The line containing "Example of the" marks the end: output every line of the data up to it, and that line too, exactly as written.

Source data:
● ● ● ● ● ● ●
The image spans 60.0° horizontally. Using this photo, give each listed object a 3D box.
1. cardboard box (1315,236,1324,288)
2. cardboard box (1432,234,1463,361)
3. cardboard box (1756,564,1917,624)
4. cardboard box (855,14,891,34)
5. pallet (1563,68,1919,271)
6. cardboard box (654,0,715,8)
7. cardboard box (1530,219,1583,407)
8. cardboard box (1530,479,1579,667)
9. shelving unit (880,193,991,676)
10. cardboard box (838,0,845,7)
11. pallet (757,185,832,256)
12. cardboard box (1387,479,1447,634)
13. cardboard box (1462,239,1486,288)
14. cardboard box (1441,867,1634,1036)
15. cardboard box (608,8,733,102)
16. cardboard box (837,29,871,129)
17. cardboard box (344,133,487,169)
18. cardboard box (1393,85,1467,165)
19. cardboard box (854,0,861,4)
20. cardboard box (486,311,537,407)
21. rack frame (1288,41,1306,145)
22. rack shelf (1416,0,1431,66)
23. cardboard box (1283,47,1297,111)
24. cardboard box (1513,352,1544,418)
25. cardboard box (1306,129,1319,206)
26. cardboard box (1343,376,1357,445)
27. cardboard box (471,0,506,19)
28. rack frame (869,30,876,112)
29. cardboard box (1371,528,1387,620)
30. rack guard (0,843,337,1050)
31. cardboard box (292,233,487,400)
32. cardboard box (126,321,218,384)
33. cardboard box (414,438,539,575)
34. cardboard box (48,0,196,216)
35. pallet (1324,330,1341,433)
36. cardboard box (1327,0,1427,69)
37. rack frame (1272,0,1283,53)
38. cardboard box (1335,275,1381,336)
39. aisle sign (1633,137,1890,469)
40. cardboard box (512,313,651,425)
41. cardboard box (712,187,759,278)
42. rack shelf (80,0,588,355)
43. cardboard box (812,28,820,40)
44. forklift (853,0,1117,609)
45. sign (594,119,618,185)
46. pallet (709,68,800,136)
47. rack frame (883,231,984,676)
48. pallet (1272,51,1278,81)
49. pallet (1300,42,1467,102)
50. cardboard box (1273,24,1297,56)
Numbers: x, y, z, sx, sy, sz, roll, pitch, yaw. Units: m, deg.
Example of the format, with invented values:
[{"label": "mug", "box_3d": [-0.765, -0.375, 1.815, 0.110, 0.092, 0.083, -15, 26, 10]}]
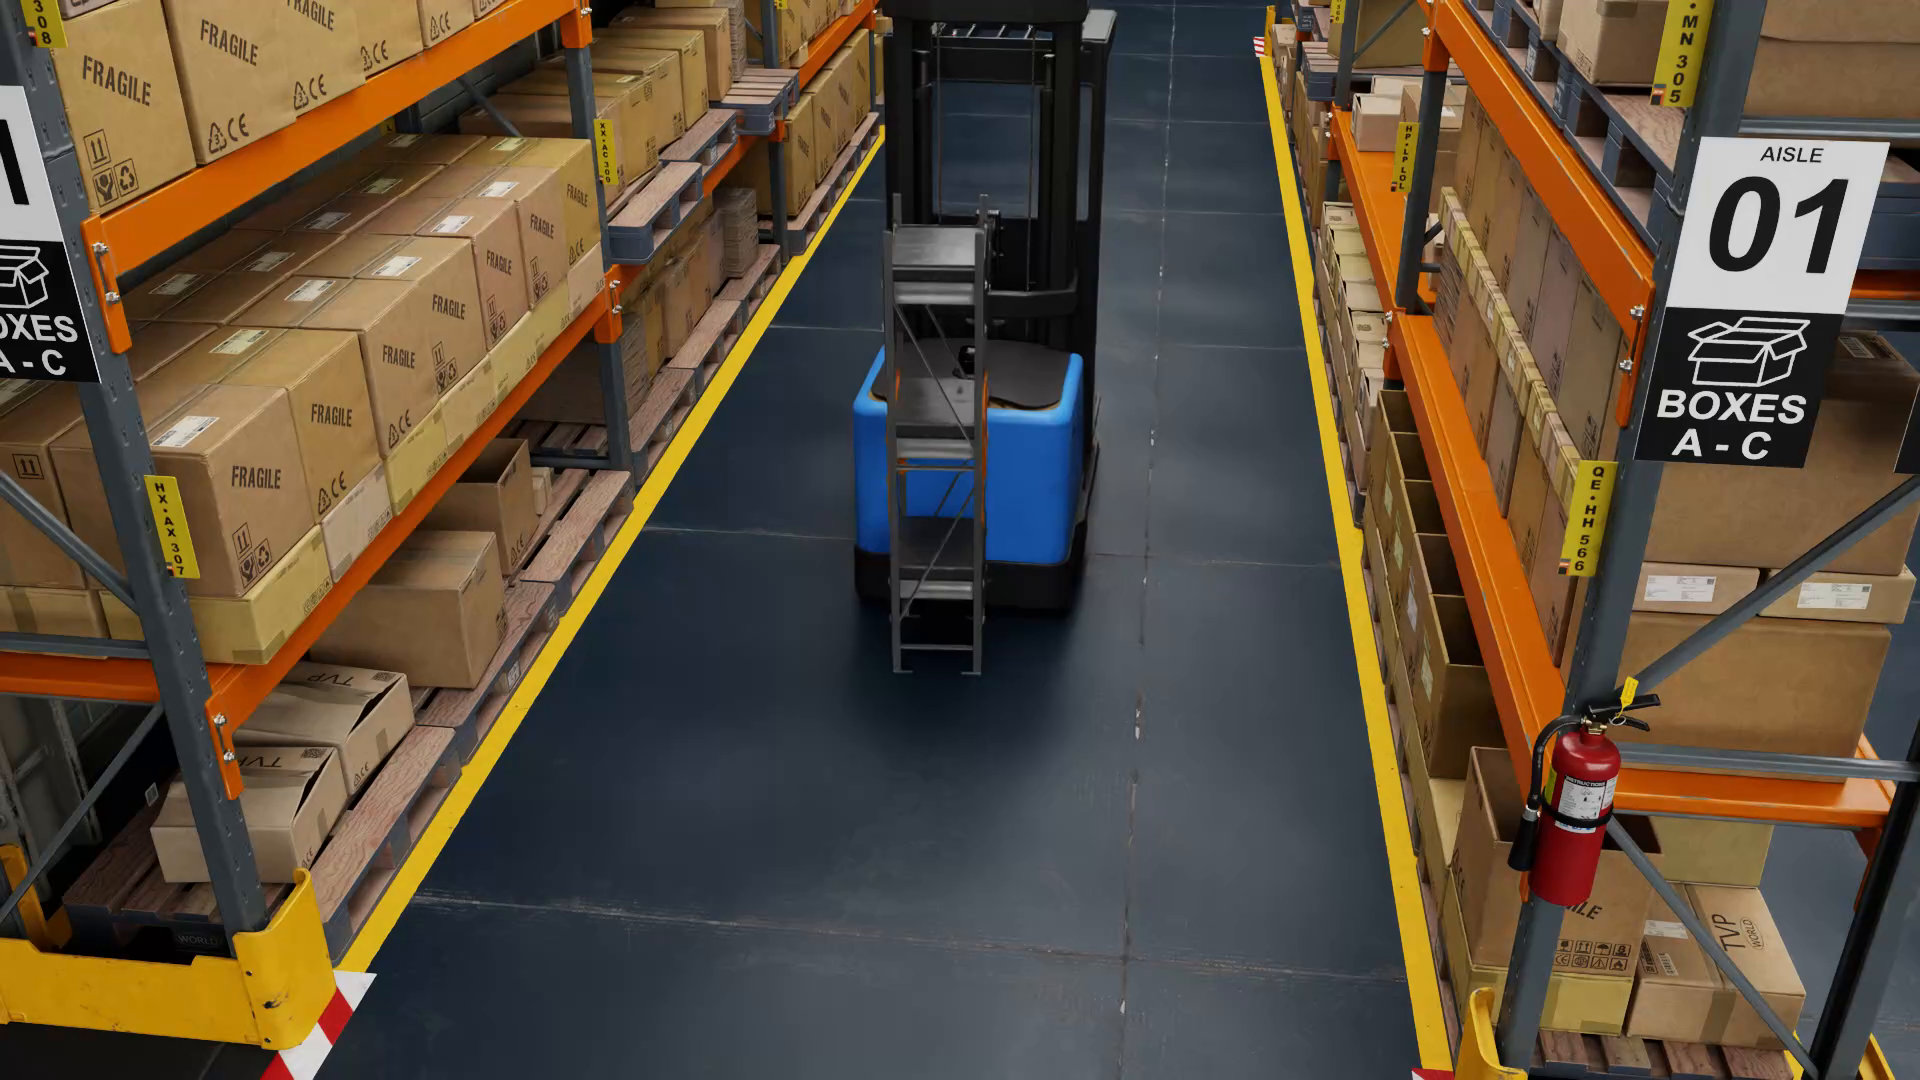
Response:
[{"label": "cardboard box", "box_3d": [2.754, -1.910, 11.589, 0.500, 0.250, 0.500, 3, 28, 6]}, {"label": "cardboard box", "box_3d": [2.572, -1.117, 7.556, 0.700, 0.500, 0.500, 3, 28, 5]}, {"label": "cardboard box", "box_3d": [2.392, 0.099, 4.615, 0.380, 0.149, 0.250, 3, 28, 6]}, {"label": "cardboard box", "box_3d": [-0.900, -5.201, 16.750, 0.380, 0.149, 0.250, 4, 29, 8]}, {"label": "pallet", "box_3d": [2.242, -1.012, 4.397, 1.003, 0.211, 1.213, 3, 28, 6]}, {"label": "cardboard box", "box_3d": [-1.844, -3.658, 11.124, 0.380, 0.149, 0.250, -1, 28, -2]}, {"label": "cardboard box", "box_3d": [2.326, -0.744, 5.495, 0.700, 0.500, 0.500, 3, 29, 6]}, {"label": "cardboard box", "box_3d": [2.259, 0.090, 5.315, 0.700, 0.500, 0.500, 4, 29, 8]}, {"label": "shelving unit", "box_3d": [-0.094, -0.422, 7.310, 0.431, 2.100, 0.503, 1, 29, 2]}, {"label": "cardboard box", "box_3d": [-1.246, -4.809, 14.074, 0.500, 0.500, 0.500, 3, 29, 6]}, {"label": "pallet", "box_3d": [-1.635, -2.590, 13.336, 1.003, 0.211, 1.213, 3, 28, 6]}, {"label": "cardboard box", "box_3d": [2.130, 0.084, 7.097, 0.500, 0.500, 0.500, 3, 28, 6]}, {"label": "cardboard box", "box_3d": [2.303, -1.133, 6.902, 0.380, 0.149, 0.250, 3, 28, 6]}, {"label": "cardboard box", "box_3d": [1.902, 1.357, 5.526, 0.500, 0.250, 0.500, 3, 28, 6]}, {"label": "cardboard box", "box_3d": [-1.896, -3.203, 10.963, 0.700, 0.500, 0.500, 1, 28, 1]}, {"label": "cardboard box", "box_3d": [-1.267, -4.259, 15.317, 0.750, 0.750, 0.750, 4, 29, 7]}, {"label": "cardboard box", "box_3d": [-2.562, -1.632, 7.964, 0.500, 0.500, 0.500, 3, 28, 5]}, {"label": "cardboard box", "box_3d": [2.921, -2.418, 9.971, 0.500, 0.500, 0.500, 2, 28, 3]}, {"label": "cardboard box", "box_3d": [-1.085, -4.937, 14.995, 0.380, 0.149, 0.250, 4, 29, 7]}, {"label": "cardboard box", "box_3d": [-2.170, -0.799, 7.208, 0.500, 0.250, 0.500, 3, 28, 6]}, {"label": "rack frame", "box_3d": [3.600, -5.048, 14.958, 1.000, 3.000, 0.127, 3, 28, 6]}, {"label": "rack shelf", "box_3d": [2.865, -3.228, 9.174, 1.077, 0.370, 4.000, 3, 28, 6]}, {"label": "cardboard box", "box_3d": [3.388, -4.426, 15.975, 0.500, 0.500, 0.500, 3, 28, 6]}, {"label": "cardboard box", "box_3d": [2.145, -0.530, 5.781, 0.380, 0.149, 0.250, 4, 29, 8]}, {"label": "cardboard box", "box_3d": [3.055, -2.956, 13.246, 0.500, 0.500, 0.500, 2, 28, 4]}, {"label": "cardboard box", "box_3d": [2.447, -0.707, 9.356, 0.500, 0.250, 0.500, 3, 28, 5]}, {"label": "cardboard box", "box_3d": [-2.188, -2.452, 6.851, 0.500, 0.500, 0.500, 1, 28, 2]}, {"label": "rack frame", "box_3d": [-1.317, -5.334, 15.489, 1.000, 3.000, 0.127, 3, 28, 6]}, {"label": "cardboard box", "box_3d": [2.196, 0.179, 7.711, 0.500, 0.250, 0.500, 3, 28, 6]}, {"label": "rack guard", "box_3d": [-2.778, 1.379, 5.663, 1.175, 0.500, 0.348, 3, 28, 6]}, {"label": "cardboard box", "box_3d": [-2.239, -0.884, 6.575, 0.500, 0.500, 0.500, 4, 29, 8]}, {"label": "cardboard box", "box_3d": [-2.869, -0.429, 5.730, 0.500, 0.500, 0.500, 4, 29, 7]}, {"label": "cardboard box", "box_3d": [-2.384, -0.171, 8.076, 0.500, 0.500, 0.500, 1, 28, 2]}, {"label": "cardboard box", "box_3d": [-2.498, -1.202, 4.529, 0.500, 0.500, 0.500, 4, 29, 8]}, {"label": "pallet", "box_3d": [2.818, -0.980, 10.346, 1.003, 0.211, 1.213, 3, 28, 6]}, {"label": "cardboard box", "box_3d": [3.075, -3.697, 11.902, 0.700, 0.500, 0.500, -6, 29, -11]}, {"label": "rack frame", "box_3d": [4.090, -6.931, 18.453, 1.000, 3.000, 0.127, 3, 28, 6]}, {"label": "cardboard box", "box_3d": [2.571, -1.427, 10.102, 0.500, 0.311, 0.500, 3, 28, 6]}, {"label": "aisle sign", "box_3d": [1.830, -0.530, 3.830, 0.394, 0.787, 0.004, 3, 28, 6]}, {"label": "cardboard box", "box_3d": [-2.223, -1.009, 9.632, 0.700, 0.500, 0.500, 4, 29, 8]}, {"label": "cardboard box", "box_3d": [-1.843, -2.203, 11.848, 0.700, 0.500, 0.500, 4, 29, 7]}, {"label": "rack shelf", "box_3d": [-2.542, -1.631, 6.211, 1.077, 0.370, 4.000, 3, 28, 6]}, {"label": "cardboard box", "box_3d": [-1.359, -4.214, 13.653, 0.380, 0.149, 0.250, 4, 29, 6]}, {"label": "forklift", "box_3d": [0.206, -1.635, 8.694, 1.130, 2.935, 3.031, 4, 29, 7]}, {"label": "sign", "box_3d": [-1.758, -1.922, 8.242, 0.100, 0.325, 0.005, 3, 28, 6]}, {"label": "pallet", "box_3d": [-1.788, -3.025, 11.405, 1.213, 0.211, 1.003, 3, 28, 6]}, {"label": "rack frame", "box_3d": [-0.105, -0.303, 7.098, 0.400, 2.100, 0.015, 1, 29, 2]}, {"label": "pallet", "box_3d": [3.984, -5.292, 18.351, 1.003, 0.211, 1.213, 3, 28, 6]}, {"label": "pallet", "box_3d": [3.123, -3.404, 12.108, 1.213, 0.211, 1.003, 3, 28, 6]}, {"label": "cardboard box", "box_3d": [3.681, -5.439, 18.119, 0.500, 0.250, 0.500, 3, 28, 6]}]
● ● ● ● ● ● ●
**Completed exercise:**
The image spans 60.0° horizontally. Using this photo, give each listed object a 3D box.
1. cardboard box (1315,236,1324,288)
2. cardboard box (1432,234,1463,361)
3. cardboard box (1756,564,1917,624)
4. cardboard box (855,14,891,34)
5. pallet (1563,68,1919,271)
6. cardboard box (654,0,715,8)
7. cardboard box (1530,219,1583,407)
8. cardboard box (1530,479,1579,667)
9. shelving unit (880,193,991,676)
10. cardboard box (838,0,845,7)
11. pallet (757,185,832,256)
12. cardboard box (1387,479,1447,634)
13. cardboard box (1462,239,1486,288)
14. cardboard box (1441,867,1634,1036)
15. cardboard box (608,8,733,102)
16. cardboard box (837,29,871,129)
17. cardboard box (344,133,487,169)
18. cardboard box (1393,85,1467,165)
19. cardboard box (854,0,861,4)
20. cardboard box (486,311,537,407)
21. rack frame (1288,41,1306,145)
22. rack shelf (1416,0,1431,66)
23. cardboard box (1283,47,1297,111)
24. cardboard box (1513,352,1544,418)
25. cardboard box (1306,129,1319,206)
26. cardboard box (1343,376,1357,445)
27. cardboard box (471,0,506,19)
28. rack frame (869,30,876,112)
29. cardboard box (1371,528,1387,620)
30. rack guard (0,843,337,1050)
31. cardboard box (292,233,487,400)
32. cardboard box (126,321,218,384)
33. cardboard box (414,438,539,575)
34. cardboard box (48,0,196,216)
35. pallet (1324,330,1341,433)
36. cardboard box (1327,0,1427,69)
37. rack frame (1272,0,1283,53)
38. cardboard box (1335,275,1381,336)
39. aisle sign (1633,137,1890,469)
40. cardboard box (512,313,651,425)
41. cardboard box (712,187,759,278)
42. rack shelf (80,0,588,355)
43. cardboard box (812,28,820,40)
44. forklift (853,0,1117,609)
45. sign (594,119,618,185)
46. pallet (709,68,800,136)
47. rack frame (883,231,984,676)
48. pallet (1272,51,1278,81)
49. pallet (1300,42,1467,102)
50. cardboard box (1273,24,1297,56)
Numbers: x, y, z, sx, sy, sz, roll, pitch, yaw. Units: m, deg.
Example of the format, with invented values:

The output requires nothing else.